Start of The data
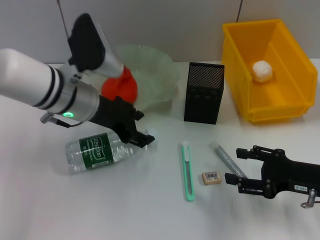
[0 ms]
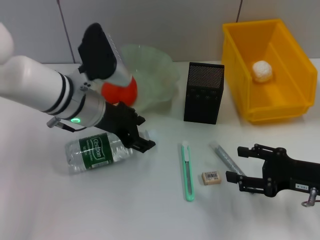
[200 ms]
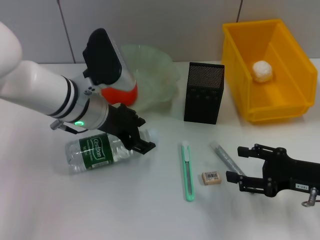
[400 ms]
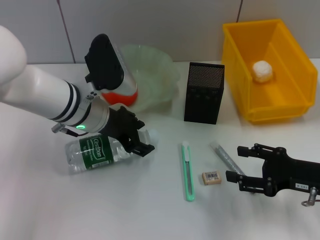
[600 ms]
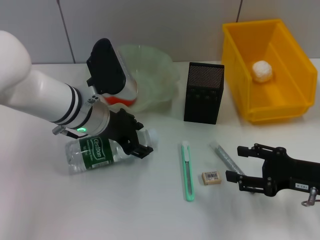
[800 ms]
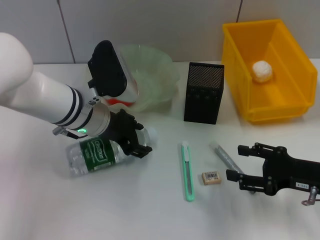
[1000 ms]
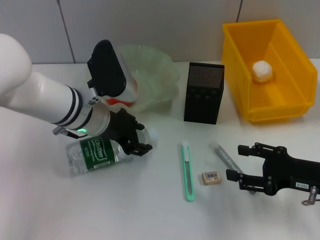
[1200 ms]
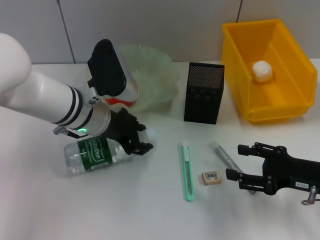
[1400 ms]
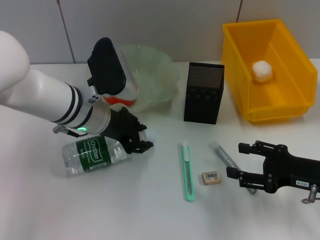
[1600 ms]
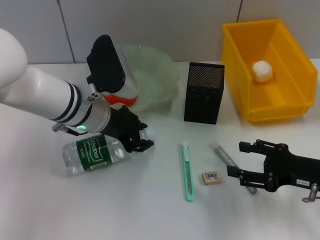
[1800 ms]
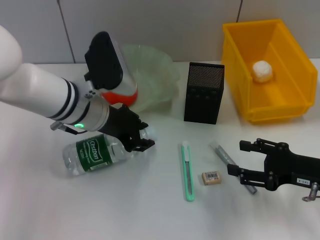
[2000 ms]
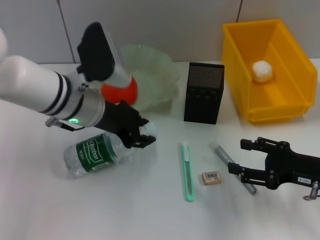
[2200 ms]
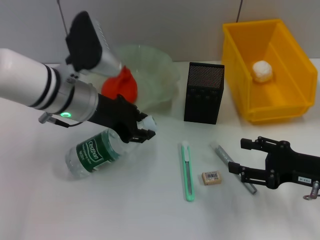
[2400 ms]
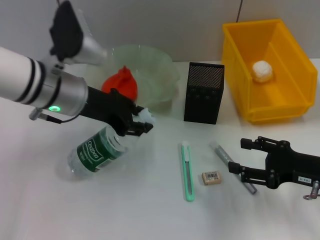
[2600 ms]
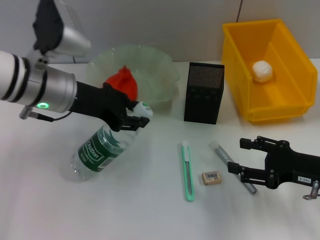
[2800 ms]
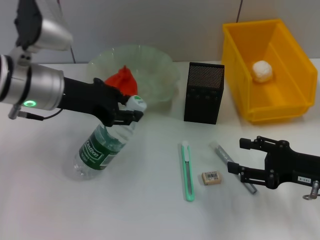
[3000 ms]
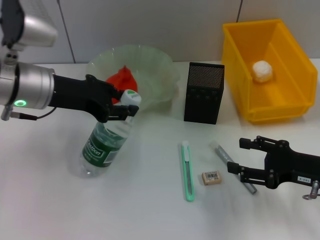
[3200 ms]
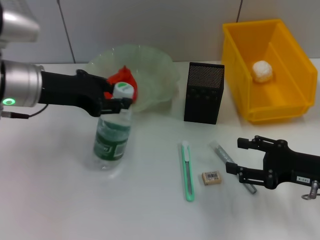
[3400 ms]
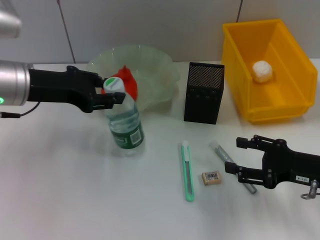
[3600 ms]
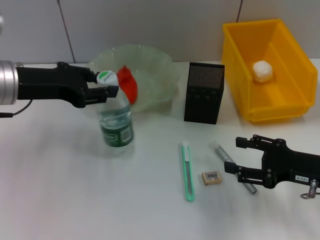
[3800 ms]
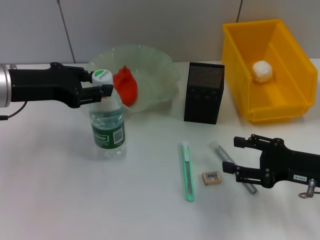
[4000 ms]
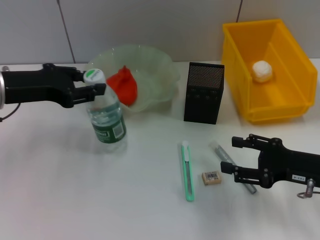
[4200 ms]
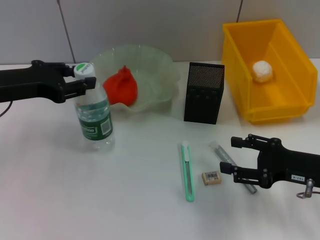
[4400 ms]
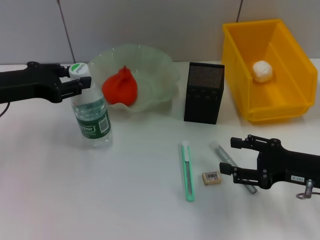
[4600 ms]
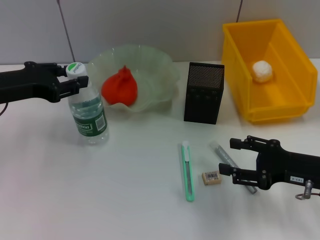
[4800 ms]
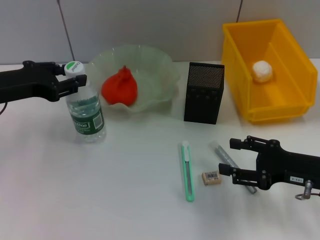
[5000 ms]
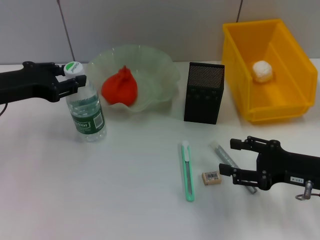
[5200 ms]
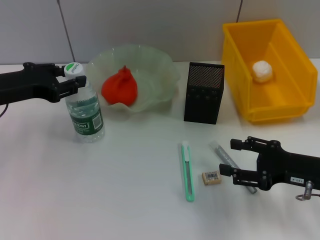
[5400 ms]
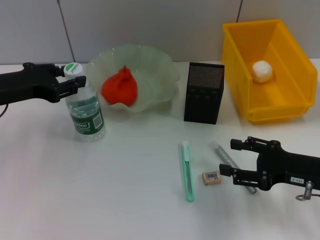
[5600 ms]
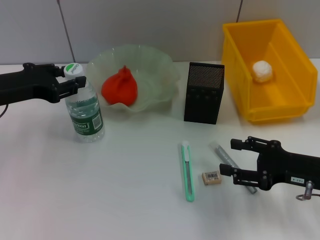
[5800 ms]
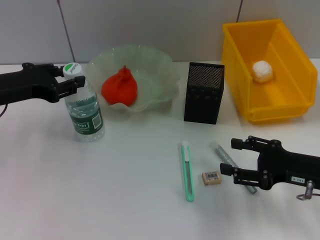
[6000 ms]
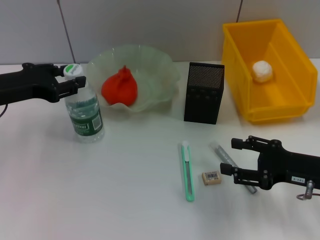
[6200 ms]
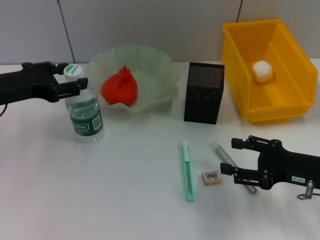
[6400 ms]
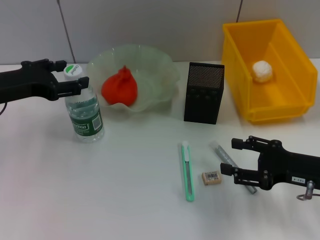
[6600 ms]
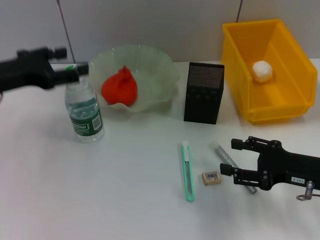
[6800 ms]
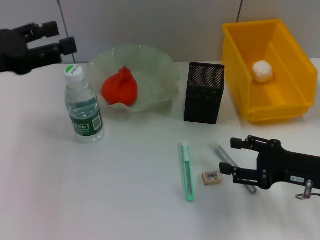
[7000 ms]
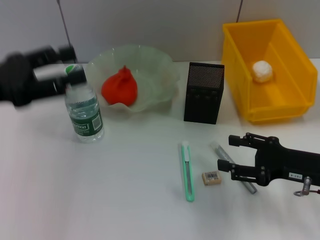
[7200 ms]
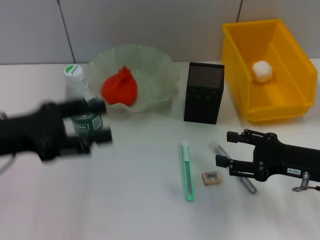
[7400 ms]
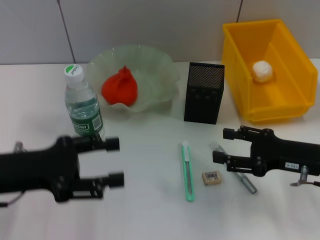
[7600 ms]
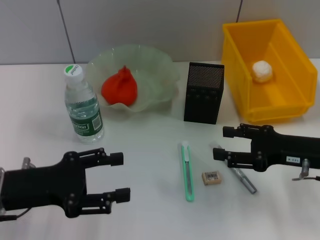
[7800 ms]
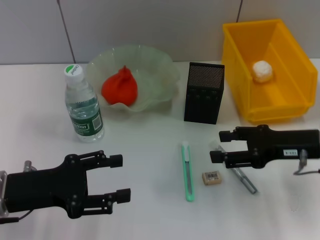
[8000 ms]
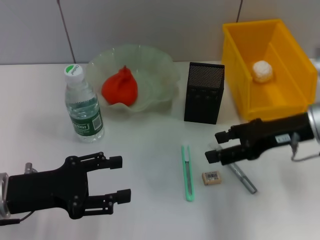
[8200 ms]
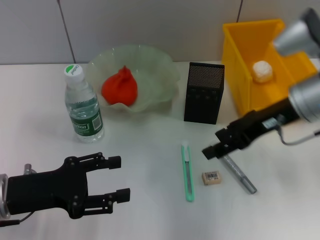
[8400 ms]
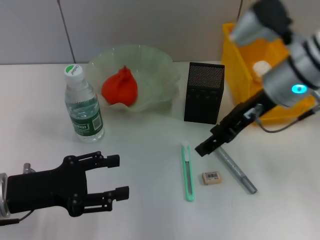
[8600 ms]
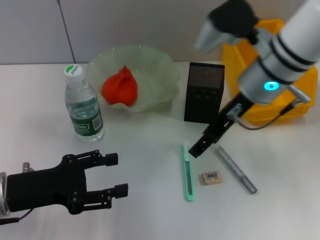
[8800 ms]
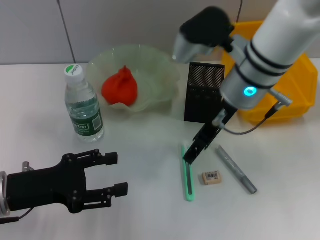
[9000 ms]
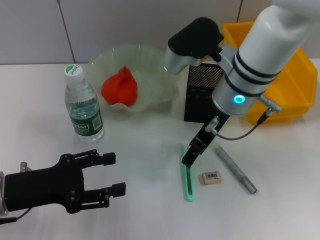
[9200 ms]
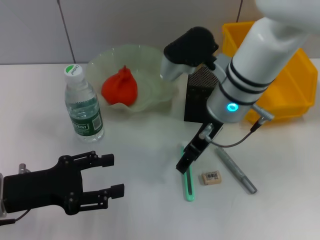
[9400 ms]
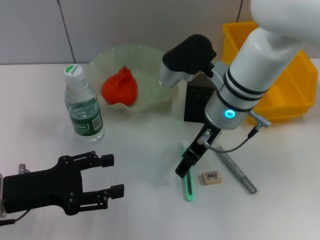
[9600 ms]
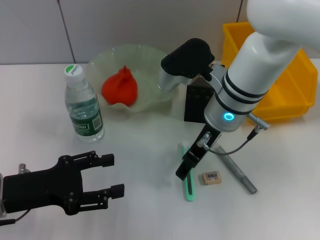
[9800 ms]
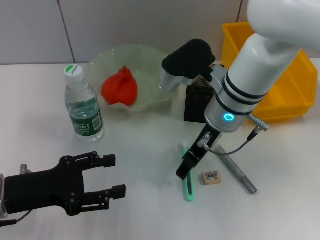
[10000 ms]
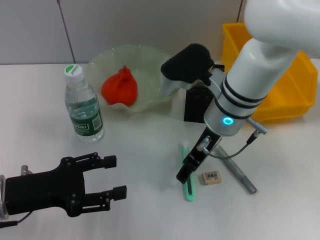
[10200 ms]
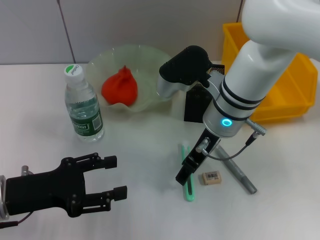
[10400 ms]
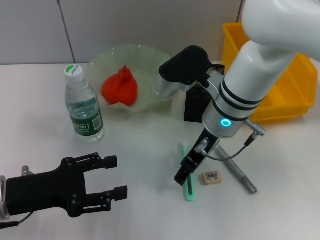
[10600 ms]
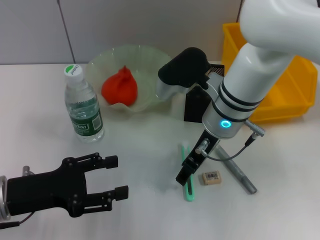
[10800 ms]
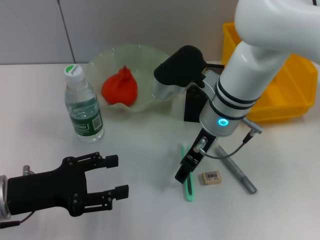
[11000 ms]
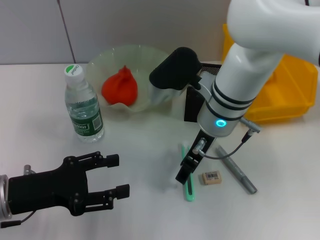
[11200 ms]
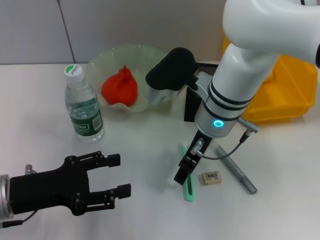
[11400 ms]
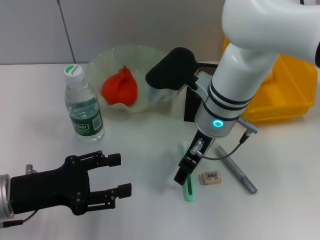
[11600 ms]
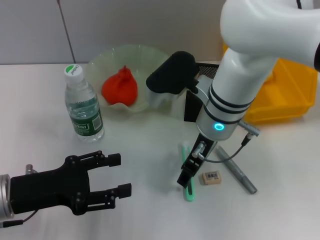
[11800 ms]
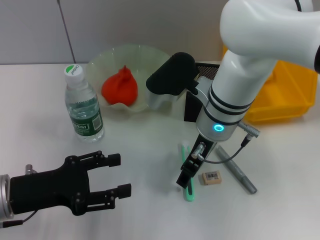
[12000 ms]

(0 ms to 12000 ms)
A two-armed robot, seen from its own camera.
Step, 1600 ms - 6600 ms: Place the water bottle on the table with the left hand.
0 ms - 1600 ms: The grippers move only a little.
1600 ms - 3000 ms: The left gripper shifts some 10 cm upward and to the left.
3000 ms - 4400 ms: The left gripper travels to the left by approximately 10 cm.
4400 ms - 6000 ms: The grippers stay close to where they were, moving slightly.
6000 ms - 7600 ms: The left gripper goes approximately 10 cm backward, and opens its fingers.
7600 ms - 9000 ms: The right gripper moves to the left, upward and forward, about 20 cm.
9000 ms - 10400 ms: The right gripper moves downward, roughly 5 cm.
10400 ms - 12000 ms: The grippers stay close to where they were, moving slightly.
End of The data
## Work item
Every record above should be set down exactly, with the pictures left out.

## Output for this task
[0 ms]
[200 ms]
[400 ms]
[600 ms]
[800 ms]
[1000 ms]
[1200 ms]
[1400 ms]
[1600 ms]
[1800 ms]
[2000 ms]
[2200 ms]
[2400 ms]
[2600 ms]
[2800 ms]
[3000 ms]
[3200 ms]
[3400 ms]
[3600 ms]
[3800 ms]
[4000 ms]
[4200 ms]
[4400 ms]
[4600 ms]
[4800 ms]
[5000 ms]
[5200 ms]
[5400 ms]
[5600 ms]
[5800 ms]
[6000 ms]
[6200 ms]
[6400 ms]
[6600 ms]
[6800 ms]
[7000 ms]
[7200 ms]
[7400 ms]
[7600 ms]
[7800 ms]
[8000 ms]
[8200 ms]
[8400 ms]
[8600 ms]
[8800 ms]
[9000 ms]
[9200 ms]
[9400 ms]
[9600 ms]
[9800 ms]
[10000 ms]
[10200 ms]
[10400 ms]
[10600 ms]
[10800 ms]
[11000 ms]
[11200 ms]
[11400 ms]
[11600 ms]
[11800 ms]
[12000 ms]

(0 ms to 12000 ms)
A two-armed robot, seen from its own camera.
Step, 1600 ms - 6600 ms: Place the water bottle on the table with the left hand.
0 ms - 1600 ms: The grippers move only a little.
1600 ms - 3000 ms: The left gripper shifts some 10 cm upward and to the left.
3000 ms - 4400 ms: The left gripper travels to the left by approximately 10 cm.
4400 ms - 6000 ms: The grippers stay close to where they were, moving slightly.
6000 ms - 7600 ms: The left gripper goes approximately 10 cm backward, and opens its fingers.
7600 ms - 9000 ms: The right gripper moves to the left, upward and forward, about 20 cm.
9000 ms - 10400 ms: The right gripper moves downward, roughly 5 cm.
10400 ms - 12000 ms: The grippers stay close to where they were, moving slightly.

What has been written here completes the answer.